3. **`read_pages` MCP tool on `/knowledge-mcp`** — batched raw-markdown reads (cap 20). Per-page failures (`not_found`, `internal_error`) come back as data on a 200 response; only input validation fails the call. Removes the per-page read tax for cluster-spanning research.
4. **`/admin/agent-grade-audit` weak-signal report** — operator surface listing pages flagged by `no_cluster`, `no_inbound_cluster_links` (non-hubs only), `generic_hub_summary`, `no_verified_at`, or `stale_verification`. Sorted by flag count then `canonical_id`. The schema-burden alternative (mandatory frontmatter) was rejected; this audit is the operator's compensating tool to find pages worth manual improvement.

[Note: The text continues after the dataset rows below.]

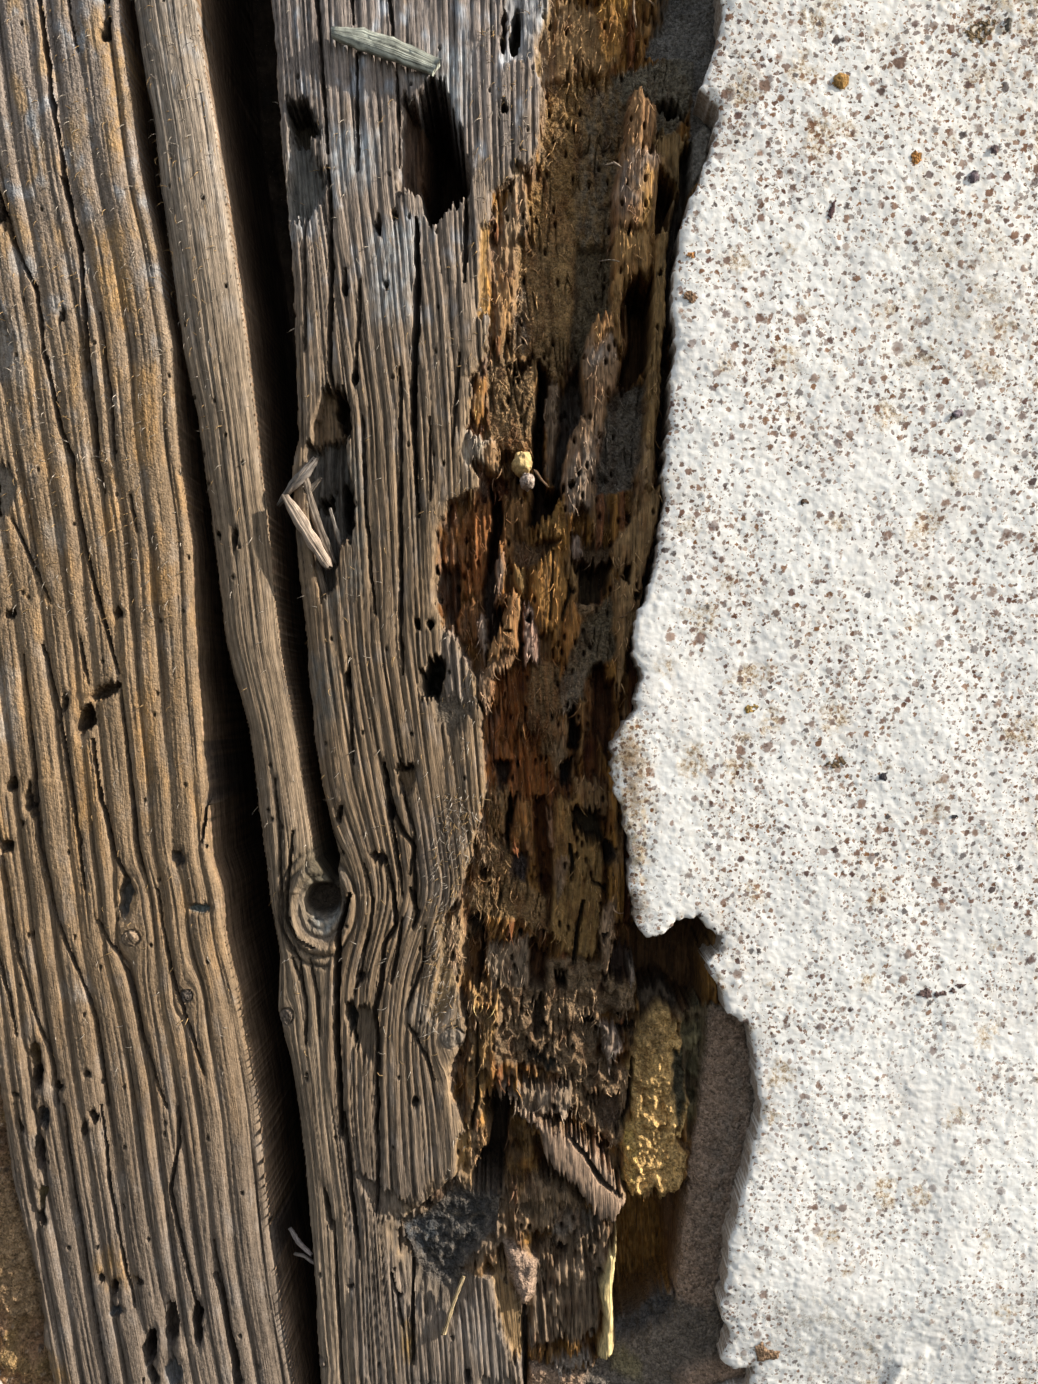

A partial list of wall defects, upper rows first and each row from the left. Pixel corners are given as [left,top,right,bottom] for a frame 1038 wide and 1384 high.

spalling [413,79,471,229]
spalling [644,0,716,204]
spalling [617,275,656,394]
peeling [683,291,698,303]
spalling [529,489,563,530]
spalling [422,655,446,701]
spalling [558,705,582,787]
spalling [572,804,604,847]
spalling [468,910,484,936]
spalling [472,1086,515,1193]
spalling [527,916,780,1384]
spalling [0,1084,55,1384]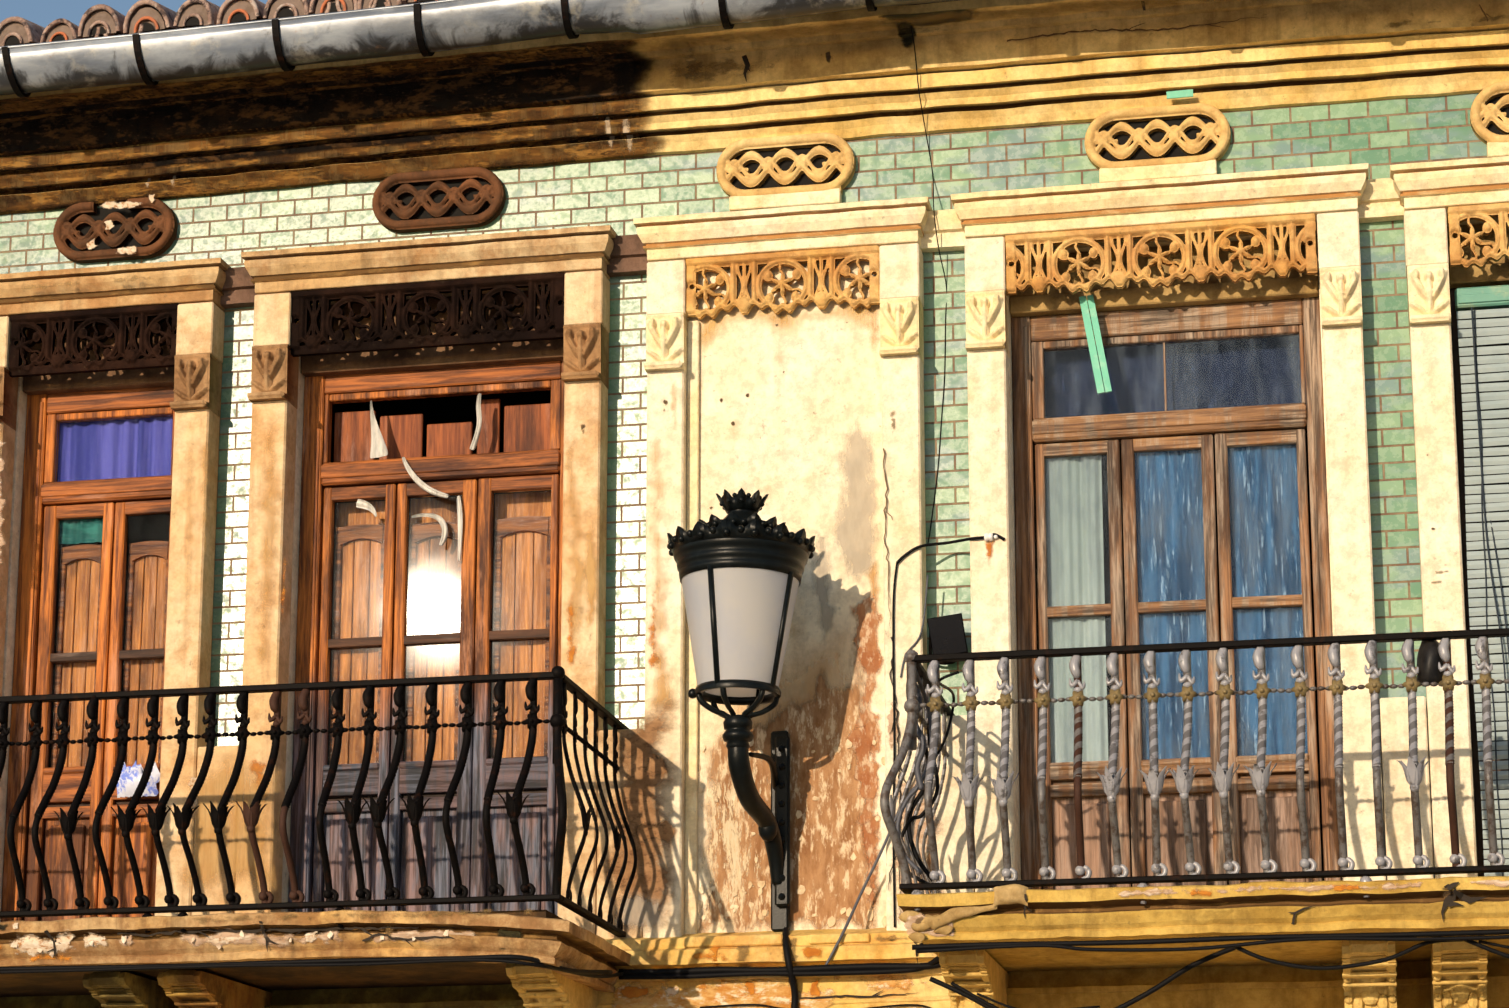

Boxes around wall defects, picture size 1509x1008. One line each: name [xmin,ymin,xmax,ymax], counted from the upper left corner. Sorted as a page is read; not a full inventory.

crack [1007,5,1264,42]
damp [0,39,662,215]
spalling [87,194,155,249]
spalling [117,246,136,254]
damp [816,432,876,631]
peeling [0,923,132,958]
peeling [181,928,341,950]
peeling [372,930,474,942]
peeling [612,976,840,1008]
peeling [861,975,926,990]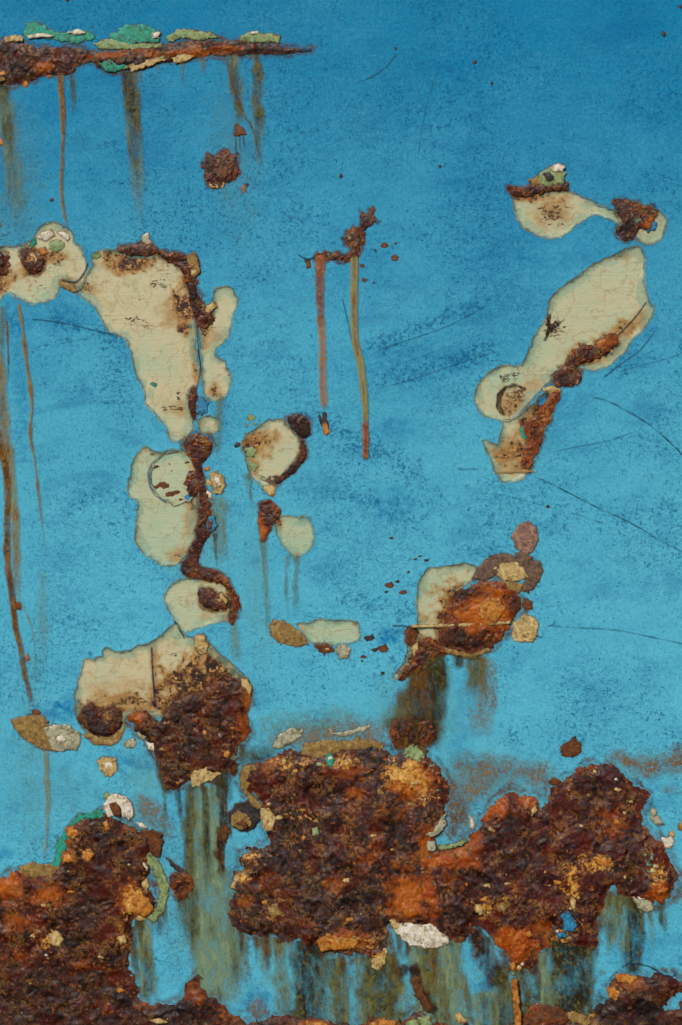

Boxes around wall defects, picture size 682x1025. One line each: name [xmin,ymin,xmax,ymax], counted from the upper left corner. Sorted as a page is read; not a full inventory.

rust [0,40,312,220]
rust [0,305,81,807]
peeling [0,221,239,567]
peeling [73,565,253,790]
peeling [234,414,315,569]
rust [299,206,399,459]
peeling [473,163,668,483]
damp [130,912,165,996]
rust [0,791,474,1025]
damp [156,758,594,1025]
rust [227,716,682,1025]
damp [599,891,663,974]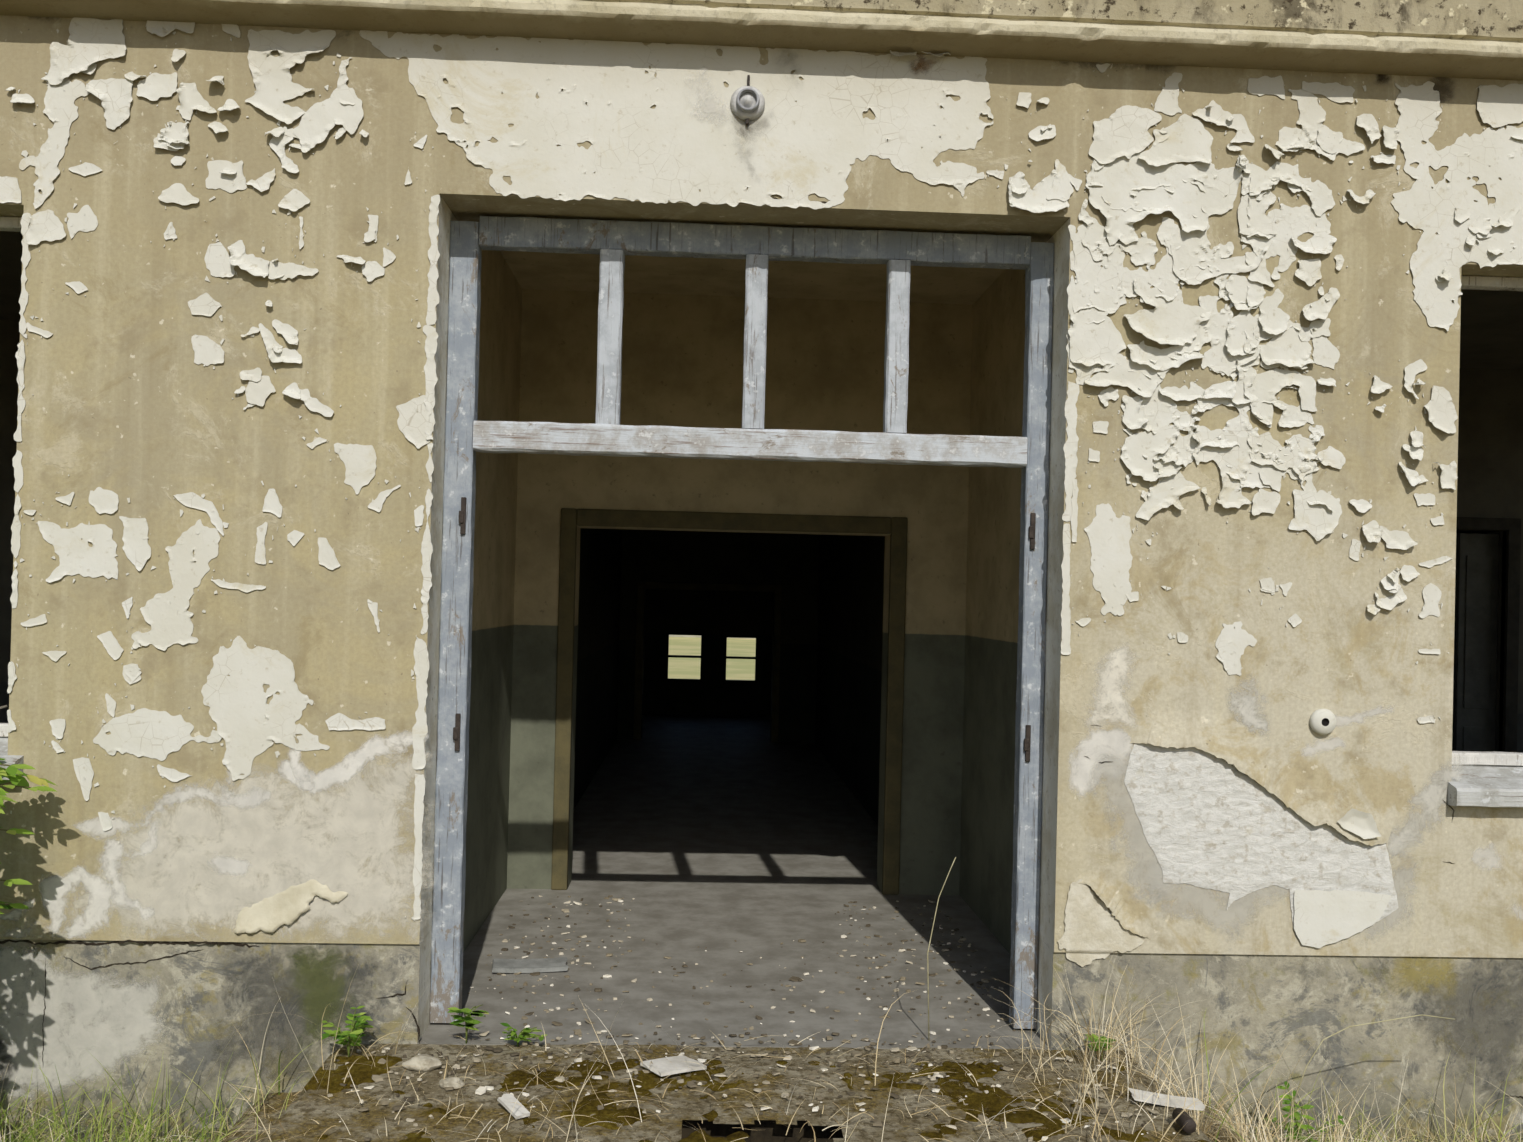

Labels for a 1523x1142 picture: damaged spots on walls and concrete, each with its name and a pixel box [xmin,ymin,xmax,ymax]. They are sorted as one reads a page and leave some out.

peeling [359,30,1523,655]
peeling [0,17,440,921]
peeling [1215,621,1259,676]
peeling [1416,642,1449,664]
leakage [0,732,428,1097]
spalling [1058,869,1154,967]
spalling [1124,709,1398,948]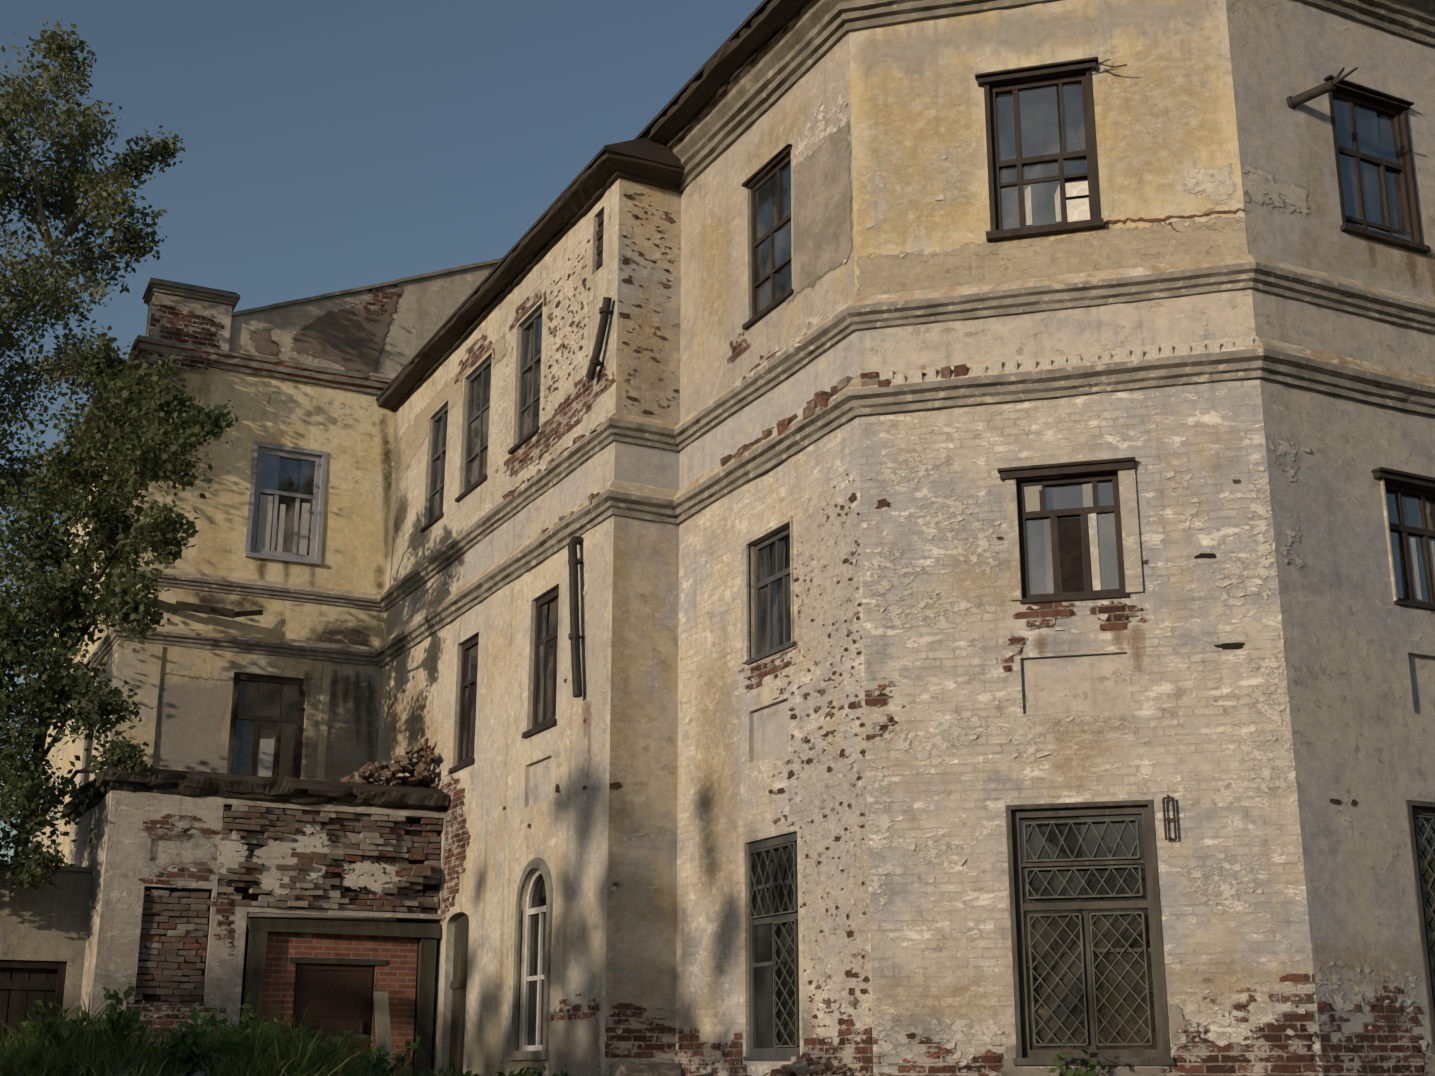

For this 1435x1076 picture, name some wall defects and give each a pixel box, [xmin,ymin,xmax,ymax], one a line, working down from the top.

spalling [334,284,401,319]
spalling [392,192,680,487]
spalling [991,600,1147,672]
peeling [738,448,1005,1076]
spalling [138,813,237,956]
spalling [440,773,470,921]
flaking render [549,993,752,1076]
flaking render [1163,959,1431,1076]

Three Prometheus counters land alongside: `wikantik_agent_hints_derivation_failures_total`, `wikantik_hub_summary_synthesis_total`, `wikantik_read_pages_partial_failures_total{reason}`.
Spec: [docs/superpowers/specs/2026-05-10-derived-agent-hints-design.md](../superpowers/specs/2026-05-10-derived-agent-hints-design.md). Implementation plan: [docs/superpowers/plans/2026-05-10-derived-agent-hints.md](../superpowers/plans/2026-05-10-derived-agent-hints.md).
Conclusion: The Goal of Structural Integrity
The Structural Spine is not just about formatting; it is about **Epistemic Reliability**. By adhering to these standards, we ensure that Wikantik remains a high-trust repository where agents can navigate complex technical landscapes without hallucinating or losing context.